The powerful influence which this combination exerted on the original shape of the research continues to be explored – a process I believe now could be endless. Several central assumptions grew out of my training as a Refuge worker and my experience working with victims of intimate partner abuse. Firstly, that the best (only) way to deal with an abusive relationship was to leave, a ‘knowing’ which remains influential today (Dunn & Powell-Williams, 2007; Yoshihoka & Choy, 2005; Wuest & Merritt-Gray, 2008). My work at Refuge had included working with women in the community – those who remained in their own homes and had not utilized the safe house. However, even with these women I (and I suspect most workers) assumed (‘knew’) that they had either already separated from their abuser and simply hadn’t required emergency shelter, or were in a process of decision-making that would eventually result in separation. The second taken-for-granted ‘knowledge’ was that few women managed to separate permanently the first time. The ‘rule of thumb’ mentioned in our training was that it could take up to 7 attempts to finally leave – and that we should take heart in this and not become discouraged at our ‘failures’. Therefore, in working with women and in framing up this project I began from a premise that leaving was an emotionally fraught,

protracted, back and forth process that required significant periods of time to both achieve and recover from10. This is perhaps most vividly illustrated by my decision to

restrict participation in this project to women who had been free from abuse for at least two years prior.

10 Some of the potentially problematic implications of such stereotypical understandings are clearly outlined in the work of Gill Hague (2005) and Mullender & Hague (2005).

At the time this decision was made to protect participants from being unduly traumatized by recounting of recent events. On reflection however this looks suspiciously like more of an indication of my own understandings of how the leaving process was experienced and accomplished. For instance, I was convinced by the repeated warnings in the literature that few women manage a clean break immediately. I found descriptions of potentially extended leave-return cycles (Kirkwood, 1993) and of the way in which many women go on to become involved again and again with abusive partners persuasive (Dobash & Dobash, 1979, 1998; Walker, 1984). This was/is a pattern frequently reported by those working with abuse survivors (Loseke, 1992) and certainly mirrored much of my own experience with victims of abuse. Conversely though, but an understanding I seldom applied to my Refuge work, a great many women do not follow either of these trajectories, successfully exiting violent circumstances and going on to lives free of abuse (Davis, 2002; Hoff, 1990; Merritt-Gray & Wuest, 1995; Wuest & Merritt-Gray, 1999 & 2008). Strangely, despite this latter knowledge, both my Refuge work and the framing of this research were underpinned by a ‘worst case scenario’ attitude.

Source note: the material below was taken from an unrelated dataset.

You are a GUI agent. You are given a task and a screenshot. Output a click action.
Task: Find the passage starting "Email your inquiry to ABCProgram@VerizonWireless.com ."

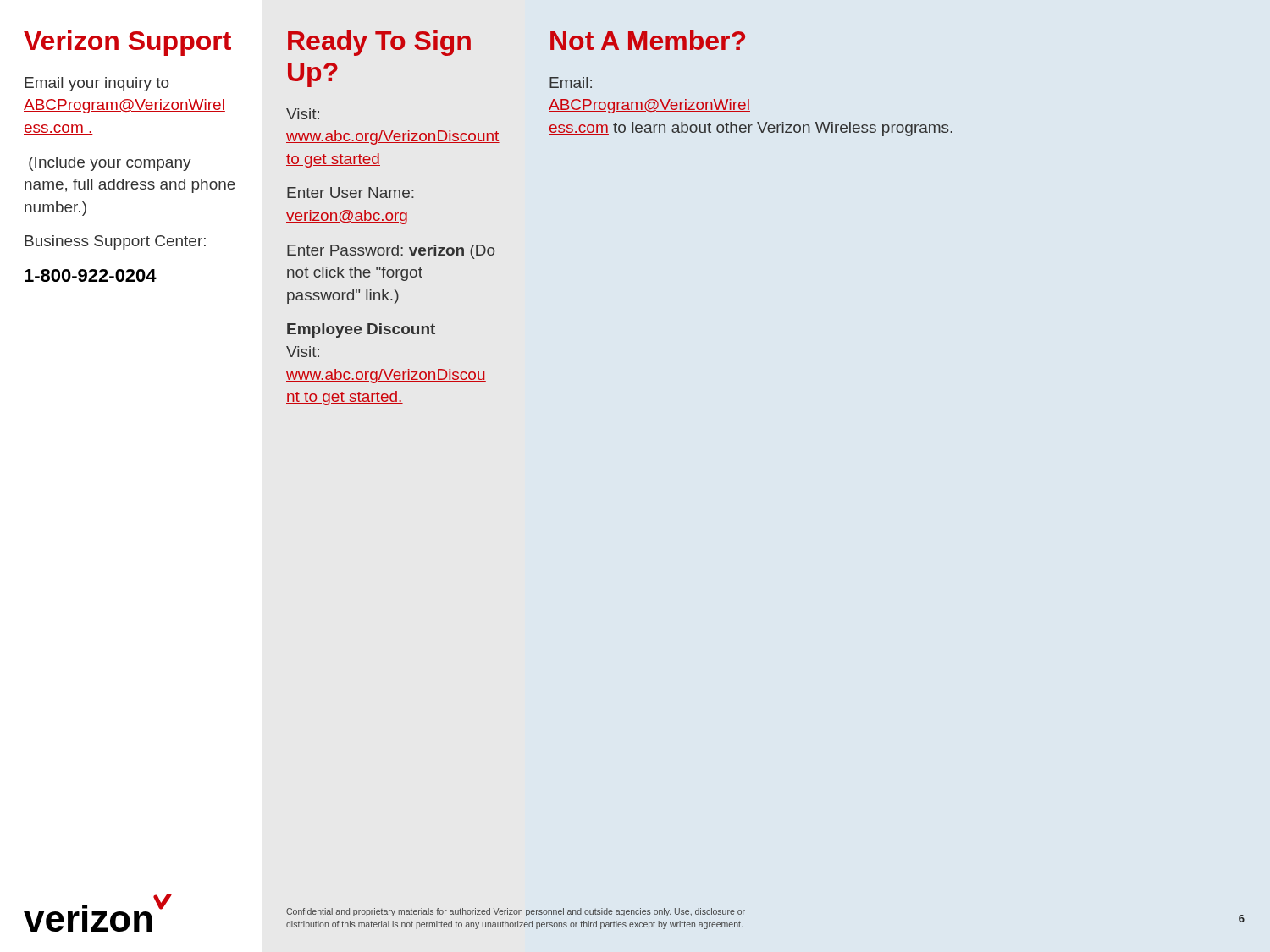tap(124, 105)
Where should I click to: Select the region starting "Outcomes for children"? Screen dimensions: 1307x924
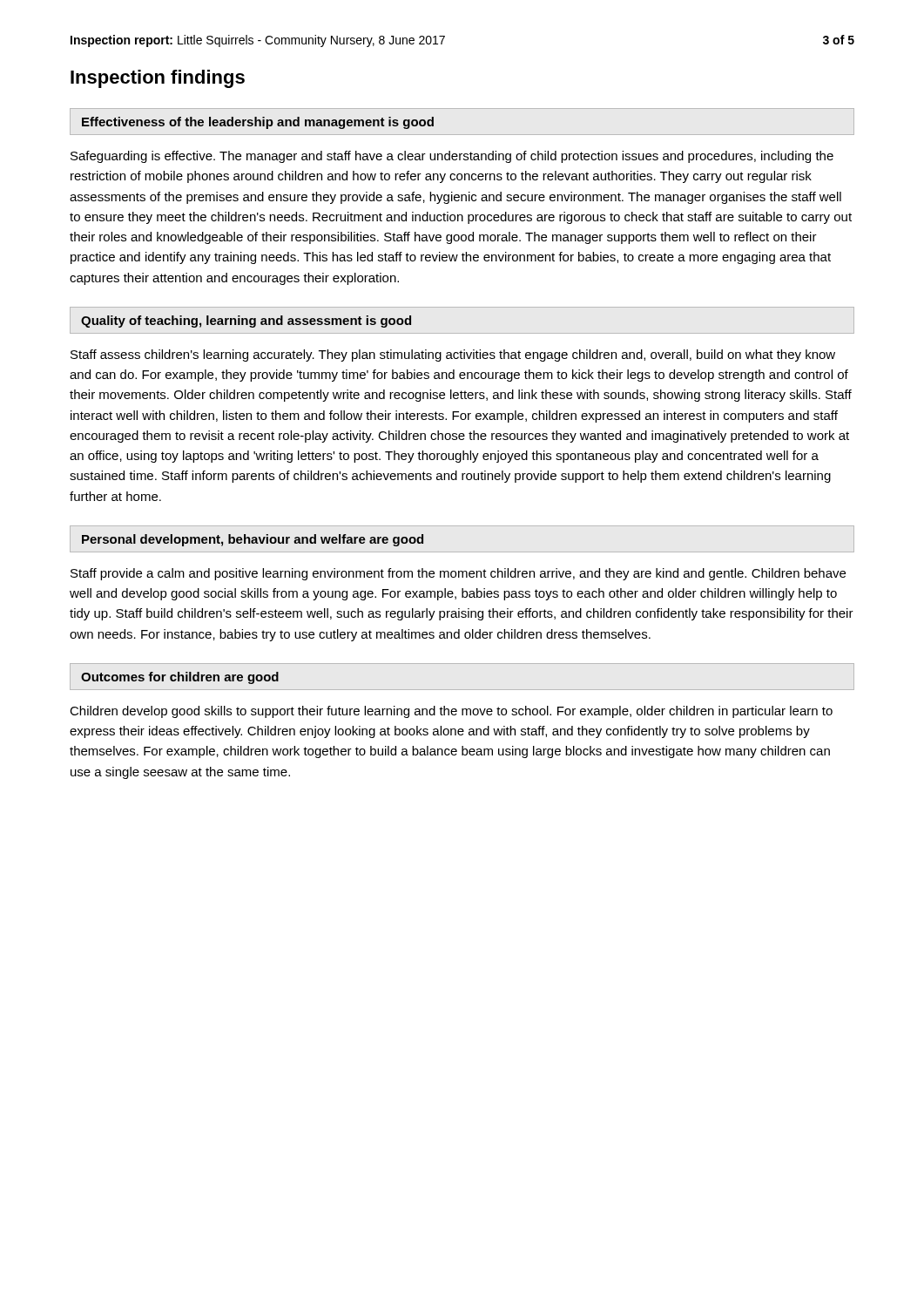coord(180,676)

Pessimism aside, these were ideas that made a great deal of sense to me, offering an understanding congruent with both my firsthand knowledge as a Refuge worker and the accounts offered by clients of their experiences. Although their accounts were not

homogeneous, many overall themes remained constant – most especially those concerned with notions of survival, coping and healing. All of this fit comfortably within the

languages of feminism and resilience, opening space for me to ask my original research question:

What was it that enabled some women to free themselves from abusive relationships when so many others seemed unable to do so?